V. Key Claim Terms for Construction

  • The Term: "pharmaceutically acceptable salt thereof"

    • Context and Importance: This term is critical because both the branded and proposed generic products are citrate salts of the tofacitinib compound. (Compl. ¶19, ¶32). While the parties appear to agree on the salt form, the construction of this term defines the outer boundary of protection beyond the base compound and is fundamental in nearly all small-molecule pharmaceutical patent cases.
    • Intrinsic Evidence for Interpretation:
      • Evidence for a Broader Interpretation: The specification provides a non-exhaustive list of potential acid addition salts, including "citrate, acid citrate, tartrate," among many others, suggesting the term is meant to be encompassing. ('783 Patent, col. 4:5-12).
      • Evidence for a Narrower Interpretation: A party could argue that the term is limited to salts that do not materially alter the properties of the parent compound, though the specification provides little basis for such a narrow reading.

  • The Term: "piperidinyl substituted by..."

    • Context and Importance: This phrase appears in the definition of the R⁵ group within Claim 1 and is central to defining the structure of the R¹ substituent. ('783 Patent, col. 21:35).
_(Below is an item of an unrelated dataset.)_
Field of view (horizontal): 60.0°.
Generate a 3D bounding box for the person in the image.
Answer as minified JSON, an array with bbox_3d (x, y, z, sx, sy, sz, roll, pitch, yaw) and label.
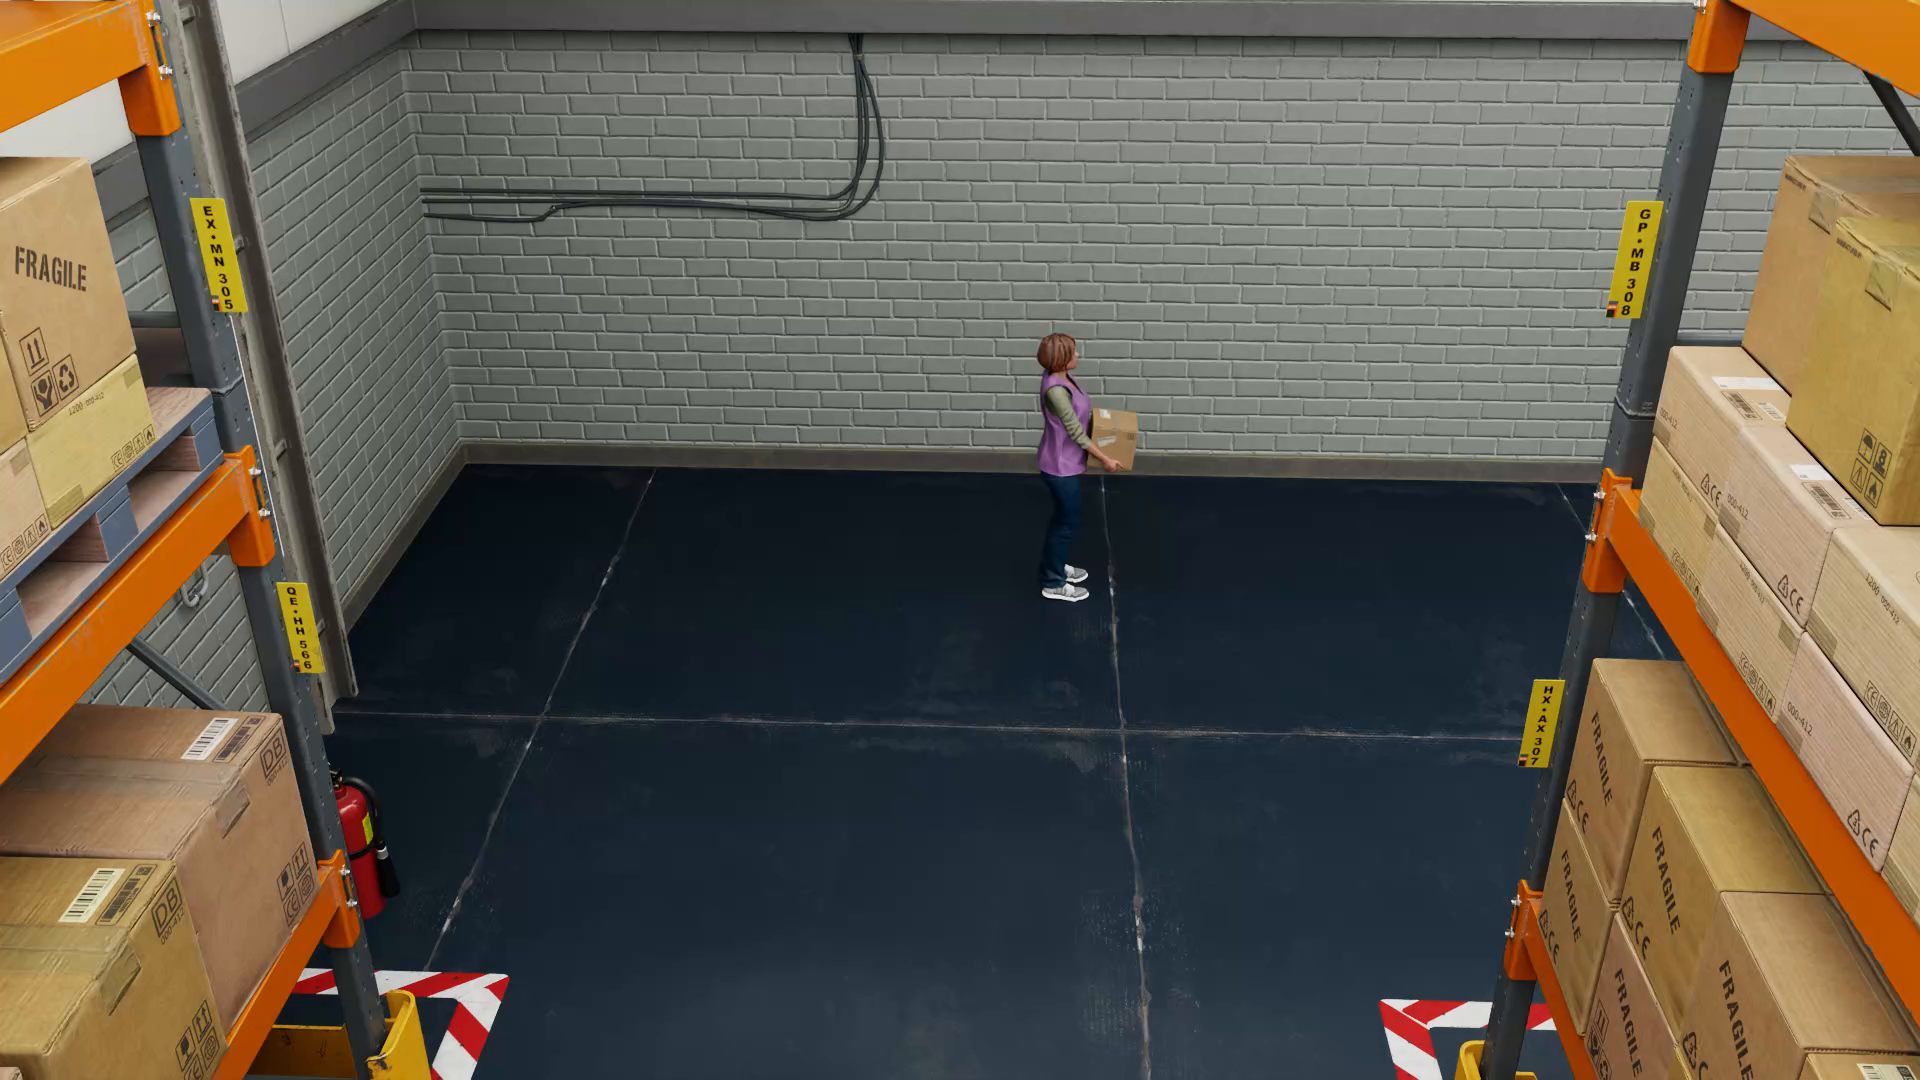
[{"bbox_3d":[0.668,-0.418,9.412,0.495,1.588,0.406,1,28,2],"label":"person"}]

The specific structure of tofacitinib includes a substituted piperidinyl ring, so whether that specific substitution pattern is covered by the claim's language is a core infringement question.
    • Intrinsic Evidence for Interpretation:
      • Evidence for a Broader Interpretation: Claim 1 provides a long list of permissible substituent groups for the piperidinyl ring, including "cyano," "alkyl," and groups that can form an "oxo" substituent, suggesting broad coverage. ('783 Patent, col. 21:35-52).
      • Evidence for a Narrower Interpretation: A defendant might point to the specific examples and preferred embodiments in the specification (e.g., the named compounds in col. 7-8 and col. 24) to argue that the term should be understood in the context of those specific structures, potentially limiting its scope.

VI. Other Allegations

  • Indirect Infringement: The complaint does not contain allegations of indirect infringement.
  • Willful Infringement: The complaint does not include a formal count for willful infringement. However, it alleges that Defendant had knowledge of the '783 patent when it submitted its ANDA. (Compl. ¶47). This allegation, coupled with a prayer for relief seeking attorneys' fees for an "exceptional case" under 35 U.S.C. § 285, suggests a potential future argument related to culpable conduct. (Compl. Prayer for Relief ¶D).

VII. Analyst’s Conclusion: Key Questions for the Case

  • A core issue will be one of structural scope: Does the specific chemical compound tofacitinib, as it will be formulated in Defendant's generic product, meet every structural limitation of the chemical genus defined in independent claim 1 of the '783 patent?
  • A key evidentiary question will be one of ANDA confirmation: What will the chemical analysis contained within Defendant’s ANDA No. 209790 reveal about the precise structure, stereochemistry, and salt form of its proposed active pharmaceutical ingredient, and will that evidence definitively place it within the scope of the asserted patent claim(s)?